Muitos acreditam que os humanos foram criados pelo sopro divino de Deus, isso é verdade. Com os anjos não foi tão diferente, a melodia do canto de Deus os criou, algo tão poderoso, tão forte, não poderia ser dado a uma criatura livre, então eles foram criados. Desde sempre existiram anjos da guarda, anjos da morte, cupidos e todas as outras definições, mas os mais poderosos eram os arcanjos, estes eram criados por melodias longas e cheias de poder. Mais poderosos que estes, eram os irmãos. O poder era demais para ficar em apenas um anjo, e assim, os irmãos eram criados. Comuns são os gêmeos, quer dizer, não tão comuns assim, mas os mais simples desta raça. Os mais conhecidos são Gabriel, Uziel, Miguel, Rafael e Lúcifer, também os mais poderosos.

Anjos não tem livre arbítrio como os humanos, eles são monitorados praticamente a cada segundo, um simples deslize e são punidos de maneiras que variam pela gravidade do ato. Para casos mais simples, eles são proibidos de irem à Terra. Algumas vezes são rebaixados de cargo, mesmo que eu nunca tenha visto um arcanjo virar um anjo da guarda. Em casos mais graves, o anjo é preso em algum lugar e só pode ser solto com alguma condição quase impossível. O pior de todos os castigos é ter as asas arrancadas e se transformar, automaticamente, num anjo caído.

Bem, esse foi o meu caso.

Abri os olhos e varri ao redor de mim, tudo estava normal. Grande diferença. Movi minhas mãos só para sentir meus dedos, as correntes já não incomodavam há algumas décadas.

É, eu acho.

Levantei a cabeça e fitei o teto da tumba, não estava muito diferente do que ontem, antes de ontem, semana passada, mês passado... Céus, há quanto tempo eu estava aqui?

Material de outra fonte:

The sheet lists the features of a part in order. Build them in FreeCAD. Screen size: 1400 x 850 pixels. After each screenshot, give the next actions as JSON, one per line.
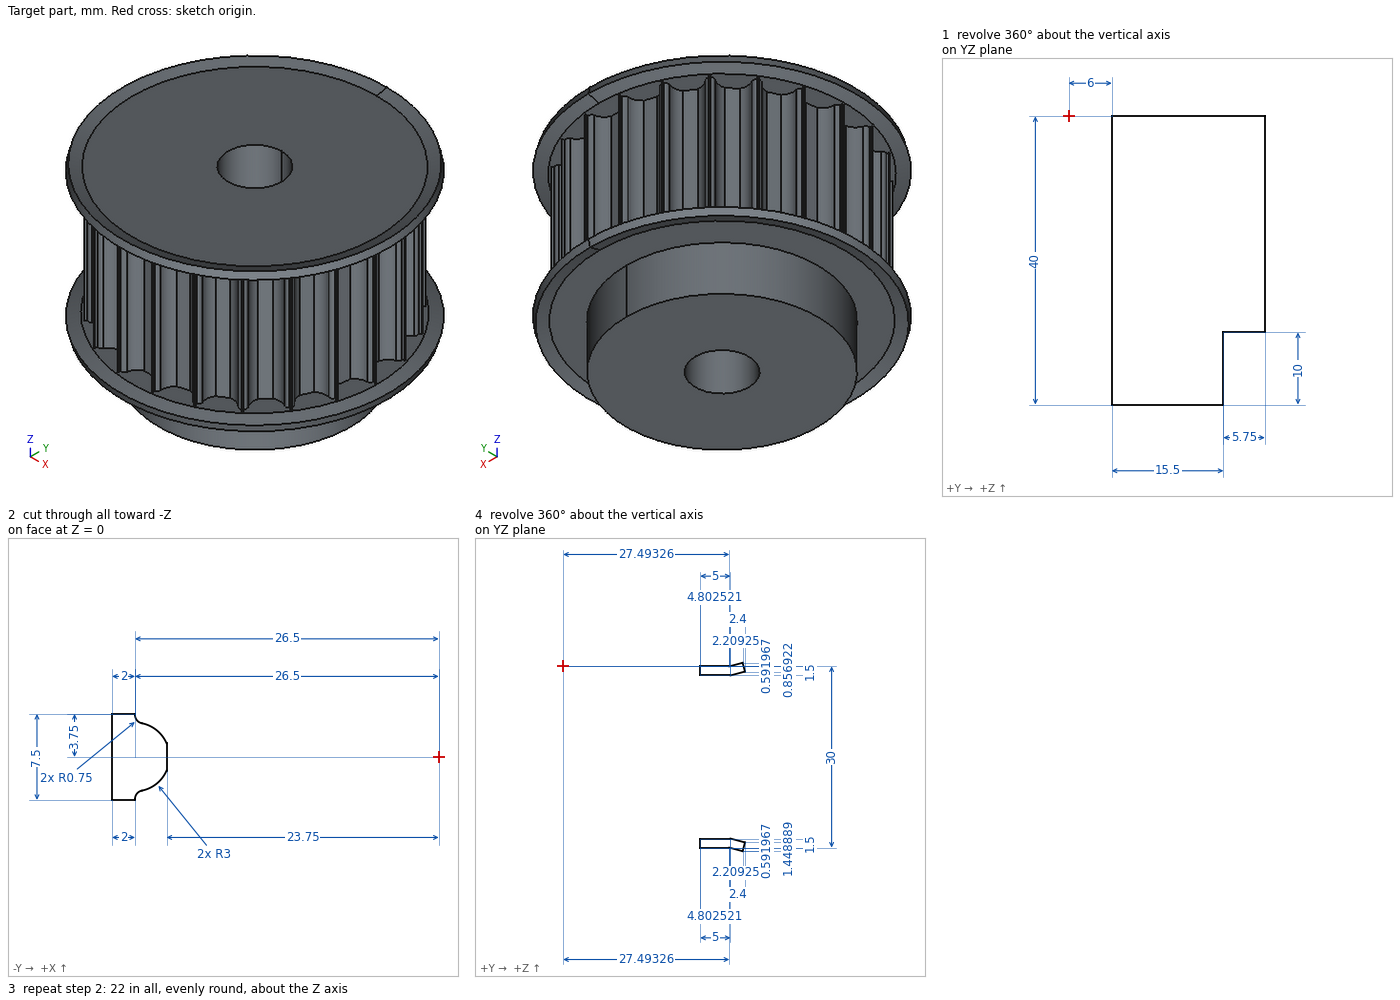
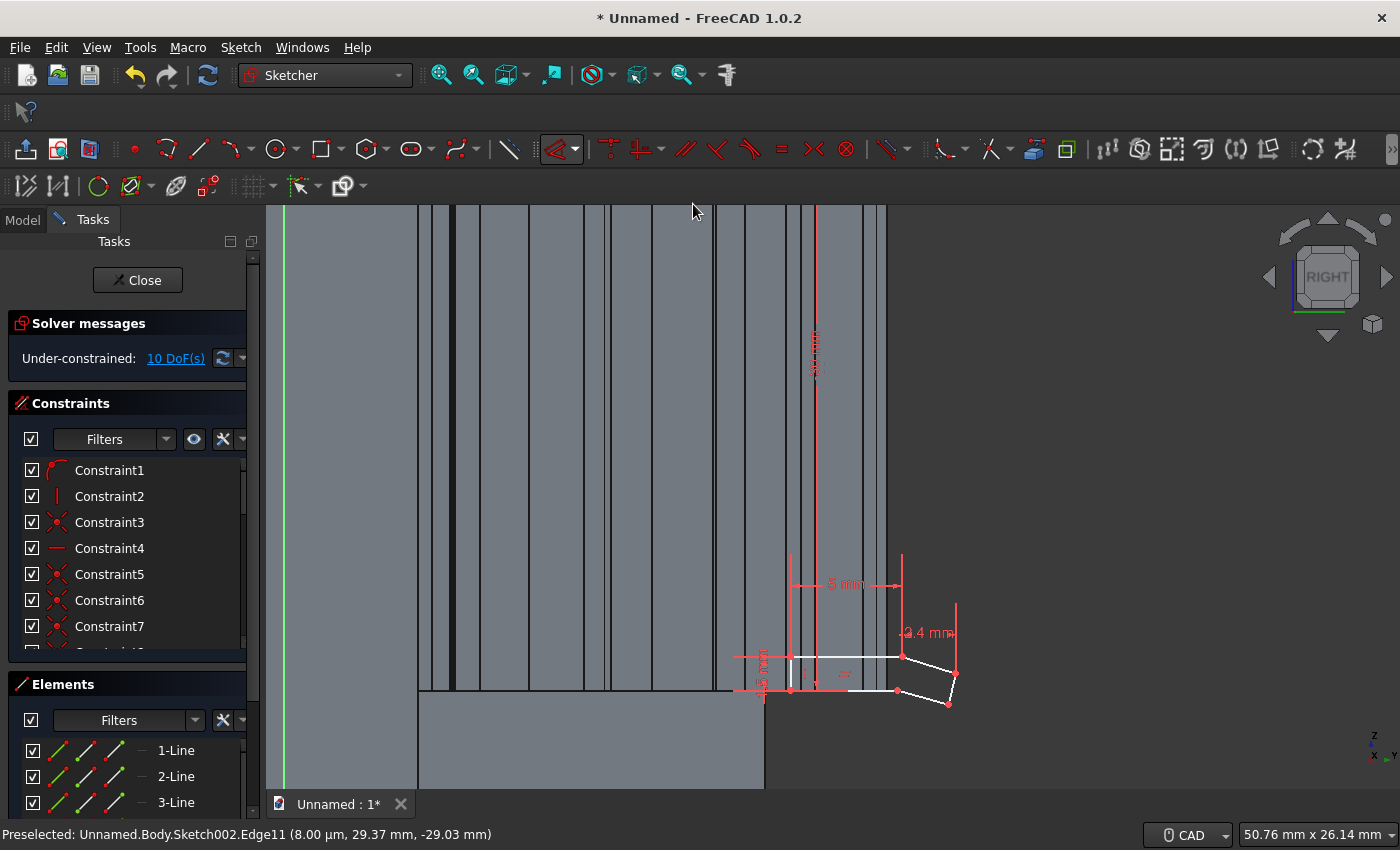
{"action": "scroll", "coordinate": [940, 669], "scroll_direction": "down", "scroll_amount": 3}

O que estava acontecendo? Nada.

Um rato passava por alguma parte da tumba, eu conseguia ouvir o barulho das pequenas patas se movendo, não sabia qual era, alguns dias atrás havia apelidado carinhosamente de Valerie, uma ratinha qualquer – nunca soube se era, de fato, fêmea –, mas na mesma rapidez, minha adorável companhia virou o jantar de uma cobra – não tão simpática quanto Valerie.

Eu não sabia que horas eram, é dificil tentar se guiar pela luz quando se está presa numa tumba. Aqui sempre era escuro e eu tinha a impressão de ser gélido tambem, mesmo sabendo que nenhuma corrente de ar atravessava o local, além de tudo, era solitário. Nada diferente de como sempre era. Eu não sei se foi por pena dos outros ou se realmente é assim, mas a partir do momento que me prenderam aqui, eu fui obrigada a parar de sentir coisas, como fome ou calor, dor de cabeça ou vontade de fazer algo – tirando, claro, minha vontade eterna de sair dali.

Nos primeiros anos, eu ainda esperava que alguém aparecesse, que algum ser me tirasse daqui... Não é fácil assim, desde a queda, eu não tenho onde depositar algum pingo de esperança.